Diário de Bordo - 22 e 23 de dezembro - Marabá - São Luís - Rogério Almeida
Partida
Eu voltar pro interior.
Vou me casar com Terezinha. Vou trabalhar de encanador. Ou lavrador.
Manhã de 22 de
dezembro. Marabá. Sudeste paraense. Amazônia. Tempo de chuva. Vésperas do
nascimento de Jesus Cristo, dizem, o filho de Deus. Busão lotado. Criança
saindo pelo ladrão. Gritos. Gente entulhada de bagulho. Despedidas na
plataforma. Lágrimas. Vestes exalando odor de outras estradas. Poeira de outros
rincões. Famílias de muitas paragens: Piauí, Ceará....Maranhão. Gente indo ao
encontro dos seus celebrar a quadra natalina. Talvez eu chegue amanhã em São
Luís. Busão lotado. Muitos sotaques. Batalhão de histórias. Nenhuma nação.
KM 06
O ocaso da minha vida o dado não abolirá
Tempo nublado. Penduricalhos toscos enfeitam a rodoviária do km 06 em Marabá. A canção sertaneja enche o ambiente farto de gente em trânsito. É daqui que as pessoas alcançam a estação de trem da Vale. Crianças vendem água, maçã, castanha....bolos....Daqui até Santa Inês são onze horas de sacode.
Destino
Minha vida é andar por este país. Pra ver se um dia descanso feliz...

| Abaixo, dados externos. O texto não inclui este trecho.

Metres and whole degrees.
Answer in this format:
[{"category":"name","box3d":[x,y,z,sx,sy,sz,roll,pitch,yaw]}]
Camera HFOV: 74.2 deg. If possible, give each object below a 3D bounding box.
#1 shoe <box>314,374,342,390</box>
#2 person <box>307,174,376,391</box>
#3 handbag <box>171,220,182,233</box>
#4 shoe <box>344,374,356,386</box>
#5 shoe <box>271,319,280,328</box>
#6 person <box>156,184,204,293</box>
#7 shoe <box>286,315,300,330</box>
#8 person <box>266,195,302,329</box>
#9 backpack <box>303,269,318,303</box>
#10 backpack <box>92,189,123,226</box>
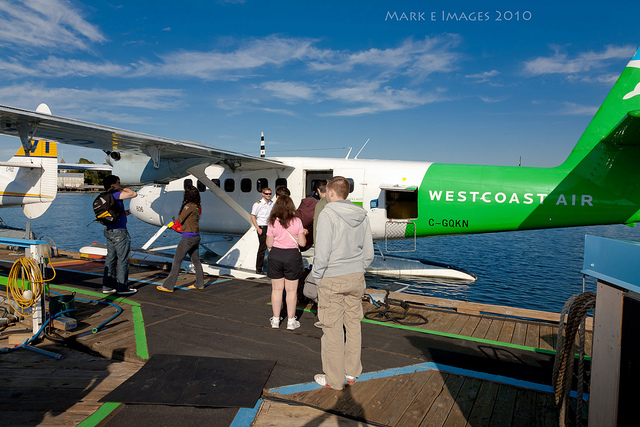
[{"category":"shoe","box3d":[0.098,2.197,5.506,0.312,0.101,0.099,20,25,1]},{"category":"person","box3d":[0.272,0.911,5.510,0.755,2.698,0.483,6,4,5]},{"category":"handbag","box3d":[-2.844,0.263,8.494,0.263,0.223,0.070,26,39,31]},{"category":"shoe","box3d":[0.392,2.167,5.502,0.152,0.134,0.079,4,4,-3]},{"category":"shoe","box3d":[-0.726,1.787,6.856,0.132,0.152,0.083,3,4,-23]},{"category":"person","box3d":[-2.720,0.521,8.574,0.810,2.144,0.732,4,4,-14]},{"category":"shoe","box3d":[-0.445,1.785,6.879,0.122,0.106,0.285,-1,-2,19]},{"category":"person","box3d":[-0.580,0.799,6.700,0.610,2.176,0.251,5,4,-3]},{"category":"backpack","box3d":[-0.175,1.255,7.226,0.240,0.610,0.549,5,3,-2]},{"category":"backpack","box3d":[-4.070,-0.109,7.981,0.564,0.701,0.375,5,4,2]}]

Recife é o destino do busao da Guanabara. Rock e
sertanejo é a trilha sonora. Vez em quando ecoa um louvor. Historias de vida e
de morte quebram a monotonia da viagem. Crianças dormem. A canção de Pablo parece
um encosto: Saudade meu bebê... Em Marabá ela foi por uns 10 dias a alvorada.
Na madrugada o apito do trem da Vale sufocava o latido dos cães. O barulho dos
grilos. A sinfonia dos sapos. Os ruídos dos coitos. Menos o saque.
Araguaia-
Tocantins
E voltar pra casa todo fim de ano....cantando um
bolero de Waldick Soriano
Duas pontes ajudam a superar os rios Araguaia e Tocantins
na região do Bico do Papagaio no trajeto de Marabá a Imperatriz. Antes eram as
balsas que acudiam a travessia. O barato era consumir peixe frito nos
entrepostos no intervalo de tempo de espera das embarcações. Tudo improvisado.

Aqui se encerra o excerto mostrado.